15
Gentry
It was cold,crisp and clear. The moon was a crescent, standing out perfectly against the cloudless sky. The perfect late-October night.
And I was standing in a graveyard.
At my feet was the stone sarcophagus which marked the family plot. The word DUNCAN had long since been carved out of the marble coffin over which a weeping marble angel had stood watch for six decades.
Why an angel would ever weep over my father’s death was well beyond me, but Mother had insisted. I could remember imagining the angel weeping tears of joy at the knowledge he was no longer walking the planet. A theory I had never shared with the rest of my family.
Mother was there, too, having been placed alongside her husband earlier in the day. The dirt was still mounded over the new grave. I dropped a handful of flowers and hoped she wouldn’t be able to see what I was about to do, wherever she was.

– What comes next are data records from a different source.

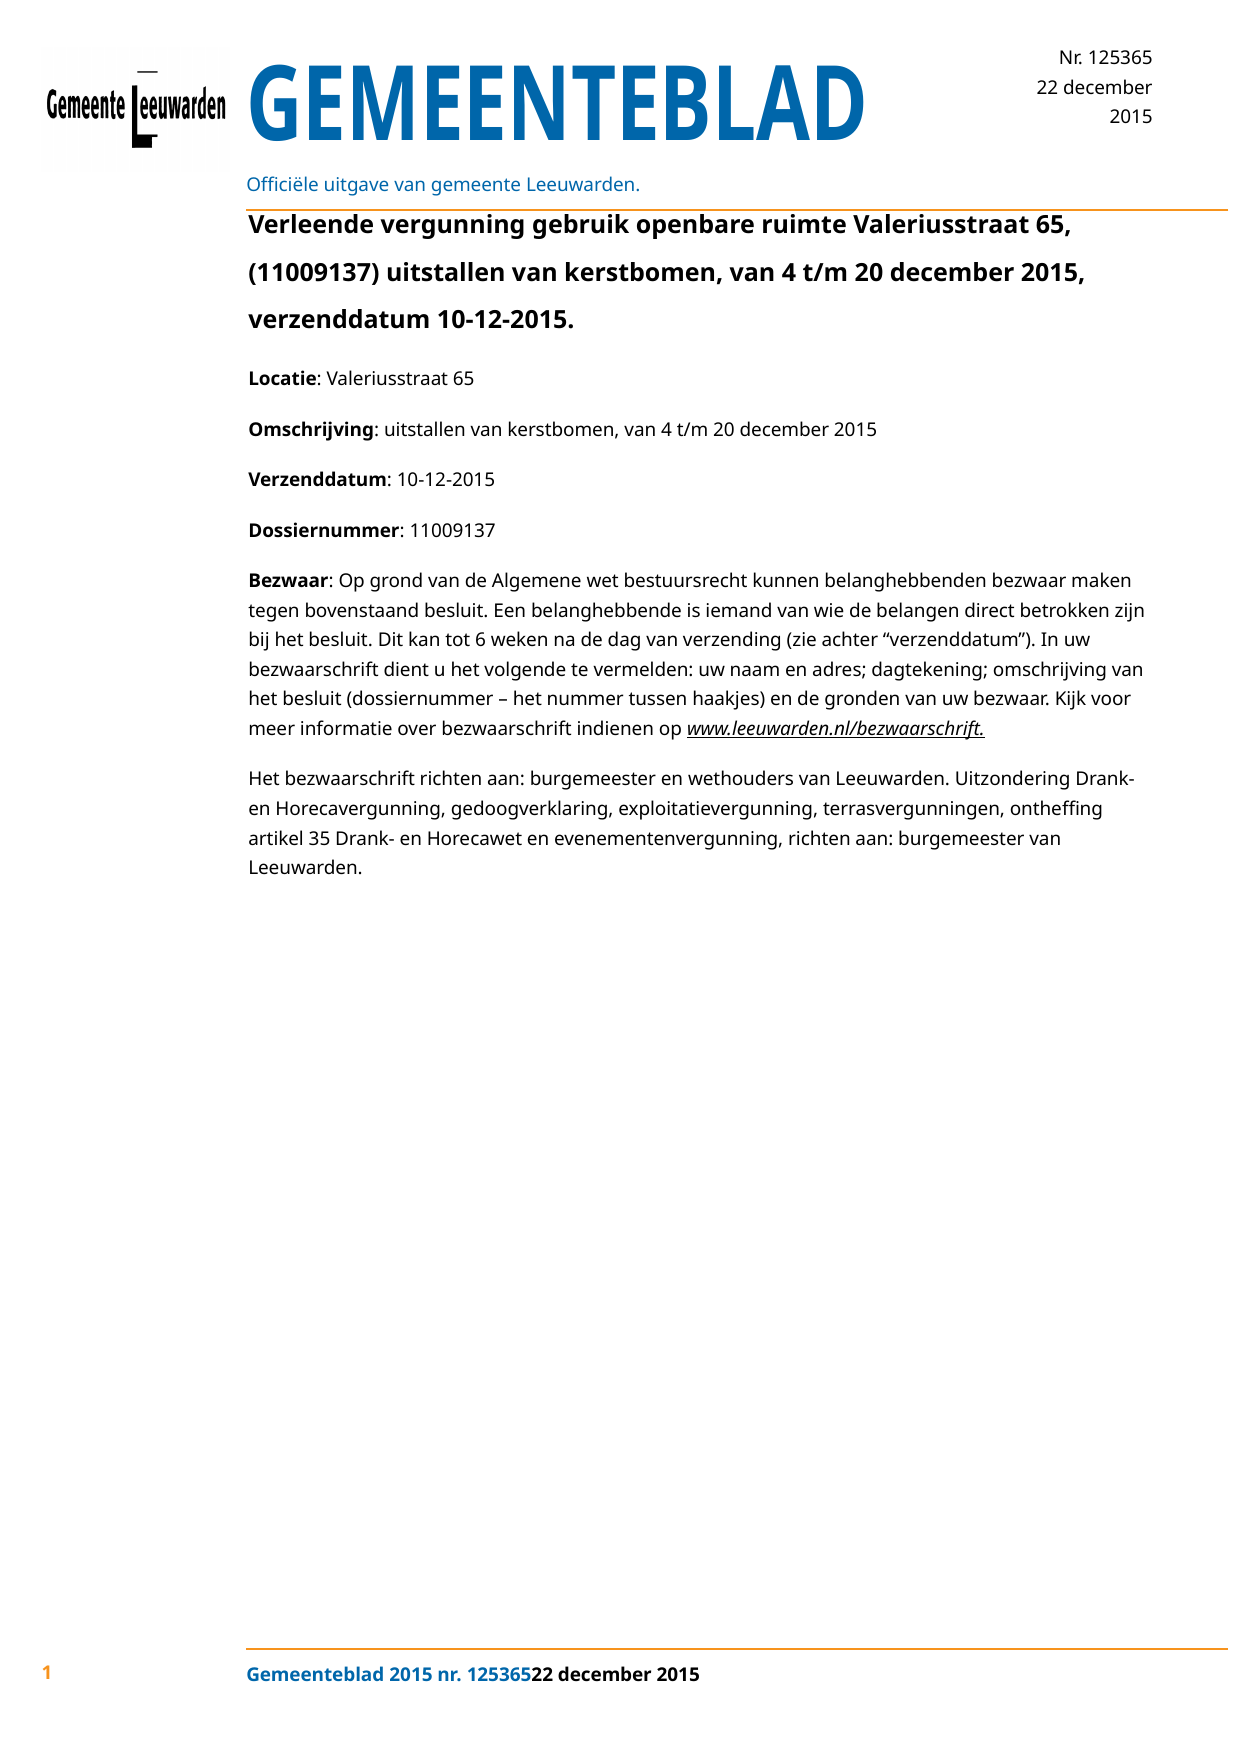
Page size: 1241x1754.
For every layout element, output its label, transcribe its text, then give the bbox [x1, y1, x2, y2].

text Bezwaar: Op grond van de Algemene wet bestuursrecht kunnen belanghebbenden bezwaar maken tegen bovenstaand besluit. Een belanghebbende is iemand van wie de belangen direct betrokken zijn bij het besluit. Dit kan tot 6 weken na de dag van verzending (zie achter “verzenddatum”). In uw bezwaarschrift dient u het volgende te vermelden: uw naam en adres; dagtekening; omschrijving van het besluit (dossiernummer – het nummer tussen haakjes) en de gronden van uw bezwaar. Kijk voor meer informatie over bezwaarschrift indienen op www.leeuwarden.nl/bezwaarschrift. [248, 567, 1152, 741]
text Locatie: Valeriusstraat 65 [248, 366, 1152, 391]
text Omschrijving: uitstallen van kerstbomen, van 4 t/m 20 december 2015 [248, 416, 1152, 442]
text Verzenddatum: 10-12-2015 [248, 466, 1152, 492]
text Dossiernummer: 11009137 [248, 517, 1152, 542]
text Verleende vergunning gebruik openbare ruimte Valeriusstraat 65, (11009137) uitstallen van kerstbomen, van 4 t/m 20 december 2015, verzenddatum 10-12-2015. [248, 211, 1152, 336]
text Het bezwaarschrift richten aan: burgemeester en wethouders van Leeuwarden. Uitzondering Drank- en Horecavergunning, gedoogverklaring, exploitatievergunning, terrasvergunningen, ontheffing artikel 35 Drank- en Horecawet en evenementenvergunning, richten aan: burgemeester van Leeuwarden. [248, 766, 1152, 880]
picture [41, 47, 231, 172]
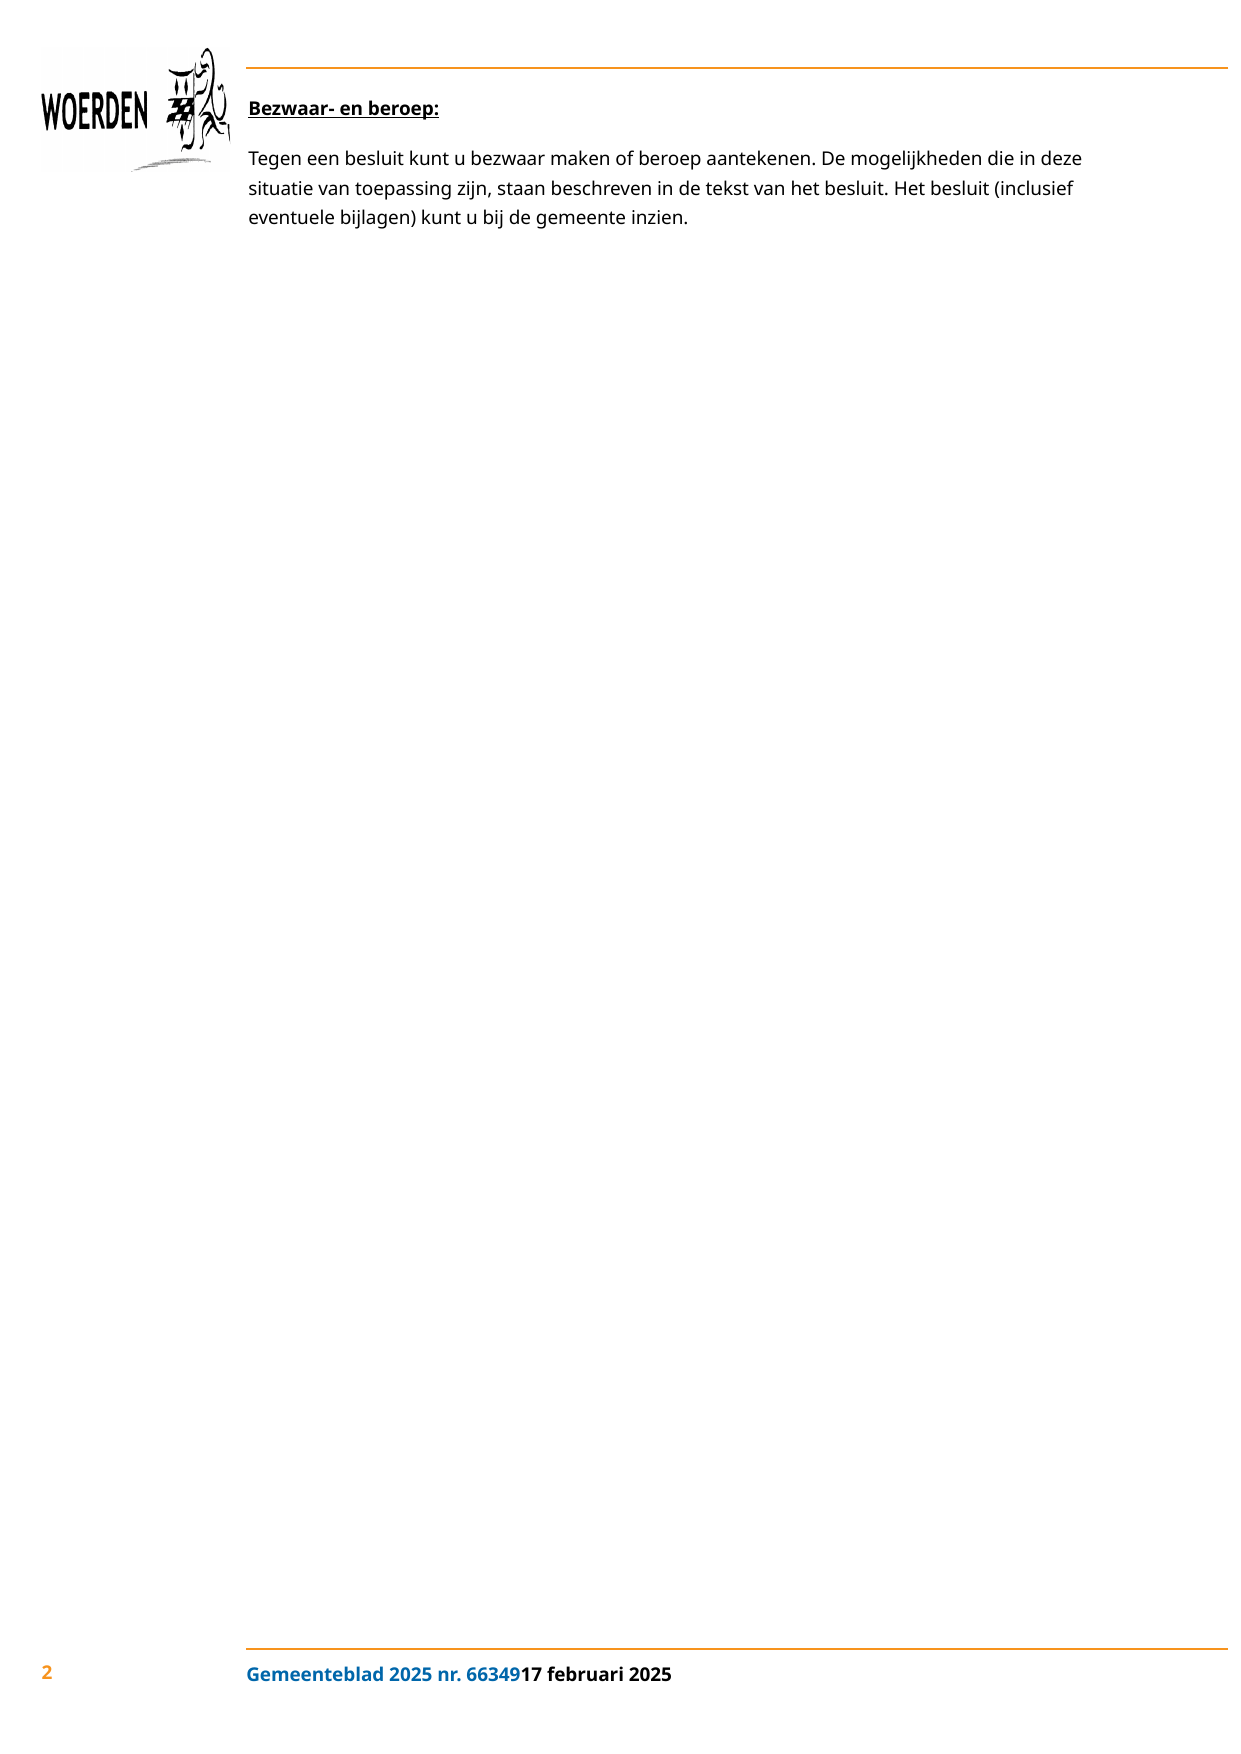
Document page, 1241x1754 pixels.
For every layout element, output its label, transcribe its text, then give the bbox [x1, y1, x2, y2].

picture [41, 47, 231, 172]
text Tegen een besluit kunt u bezwaar maken of beroep aantekenen. De mogelijkheden die in deze situatie van toepassing zijn, staan beschreven in de tekst van het besluit. Het besluit (inclusief eventuele bijlagen) kunt u bij de gemeente inzien. [248, 145, 1152, 230]
text Bezwaar- en beroep: [248, 95, 1152, 121]

I had never quite decided if I believed in an afterlife. I hoped for my sake there wasn’t one, or I was in for an eternity of anguish. I would deserve every moment of it.
The pack was bulky, but my jacket zipped neatly over it.
I hoped my brother’s eyes would be too full of lying, murdering tears to notice the difference.
“Do you think he’ll come?” Vanessa had asked before I left the penthouse.
She had clutched my jacket, fingers curling into desperate claws.
I did think so at the moment, and I still did as I stood there waiting for him.
He would come. Nothing could keep him away.
A figure approached in the darkness, joining me on the hill which overlooked the rest of the cemetery.
“She would like being up here,” Dominic murmured, looking out over the other graves and mausoleums, then at the city in the distance. “She can look down on everyone else.”
“Yes. It suits her. I think that was part of the reason she chose this plot.” I caught a glimpse of him out of the corner of my eye.
Dressed to kill, as always. I would’ve been disappointed otherwise. His long, black coat fluttered in the breeze which ruffled his hair as he turned to look at me.
“I suppose you’ve come for a reason other than paying your respects,” he observed.
“Isn’t that reason enough? I didn’t get the chance to say goodbye to her before you ended her life.”
He didn’t bother denying it. “She was suffering. You saw for yourself.”
“You’re so damned predictable.” I faced him, hands on my hips. “Why don’t you try being a little less predictable for once? That is exactly what I thought you’d argue.”
“It’s the truth.”
“It’s a convenient truth you tell yourself to soothe your guilt. Yes, she was suffering, but that wasn’t why you did it. Try being honest for the first time, while you still can.”
His shoulders fell when the truth of my words sank in. For a moment, he was my brother. Not the twisted, sick, corrupted sorcerer. Not the vicious, hateful monster. My twin. My first friend and first enemy.
“I didn’t want her to know.”
Finally, the truth.
“I understand that.” It didn’t make me feel better, but I did understand. “And I think she would’ve understood it, too. Just like she would understand what I have to do now.”
“What do you have to do?”
I unzipped my jacket and held it open so he could see the C4 strapped to my waist.